Under physiologic circumstances most of the AID expressed in B cells is in the cytoplasm, but translocation to the nucleus is required for AID function (29, 30, 35, 36). To investigate how phosphorylation might affect the subcellular localization of AID we probed fractioned cell extracts with anti-p38AID antibodies. B cells were stimulated with IL-4 and LPS and then separated into cytosolic (S2), soluble nuclear (S4), and chromatin-associated (S5) protein fractions (Fig. 2E). The cytosolic fraction (S2) was produced by hypotonic detergent lysis, and nuclei (P1) were purified by sucrose gradient centrifugation to remove contaminating cytosol. Nuclei were disrupted by hypotonic lysis to release soluble nuclear components (S4), and chromatin-associated proteins (S5) were released by salt extraction of the remaining pellet (37–39). The relative purity of the fractionated extracts was determined by immunoblotting against pyruvate kinase, a cytosolic marker, and specificity protein (Sp1), which is a chromatin-associated transcription factor (37, 40, 41).
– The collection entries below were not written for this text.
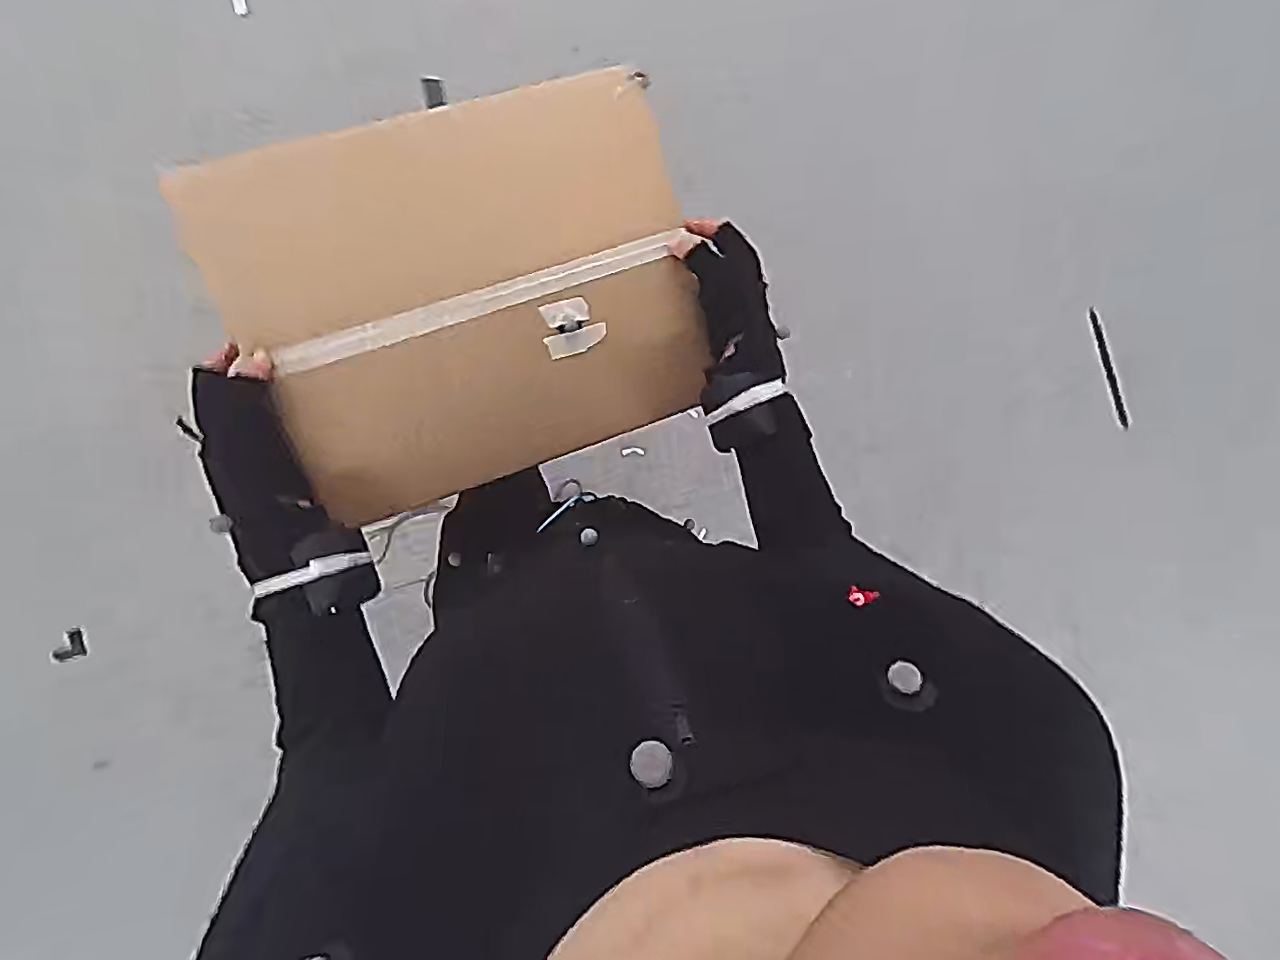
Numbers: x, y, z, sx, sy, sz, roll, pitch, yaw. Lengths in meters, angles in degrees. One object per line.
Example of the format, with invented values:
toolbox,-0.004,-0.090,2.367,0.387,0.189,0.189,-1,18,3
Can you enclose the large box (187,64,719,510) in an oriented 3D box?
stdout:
large box,-0.179,-0.202,0.646,0.408,0.320,0.320,-20,105,-10

Our fractionation procedure allows leakage of nuclear material into the cytosolic fraction but yields soluble nuclear and chromatin-associated fractions that are relatively free of cytosolic contamination (Fig. 2F). AID was immunoprecipitated from each of the fractions, and the relative amounts of AID and p38AID were measured by Western blotting. In agreement with others (29, 30, 35), we found that most of the AID was in the cytoplasm and not in the nucleus (Fig. 2G). Furthermore, there was little enrichment of p38AID in the soluble nuclear fraction, suggesting that position 38 phosphorylation does not directly alter nuclear transport of AID (Fig. 2G). In contrast, chromatin-associated AID, which was 40% of the nuclear AID and <10% of the AID found in the cytoplasm, was highly enriched for p38AID (p38AID was 4.2-fold-enriched in chromatin versus cytoplasm; Fig. 2G). Thus, in activated B cells chromatin-associated AID is preferentially phosphorylated.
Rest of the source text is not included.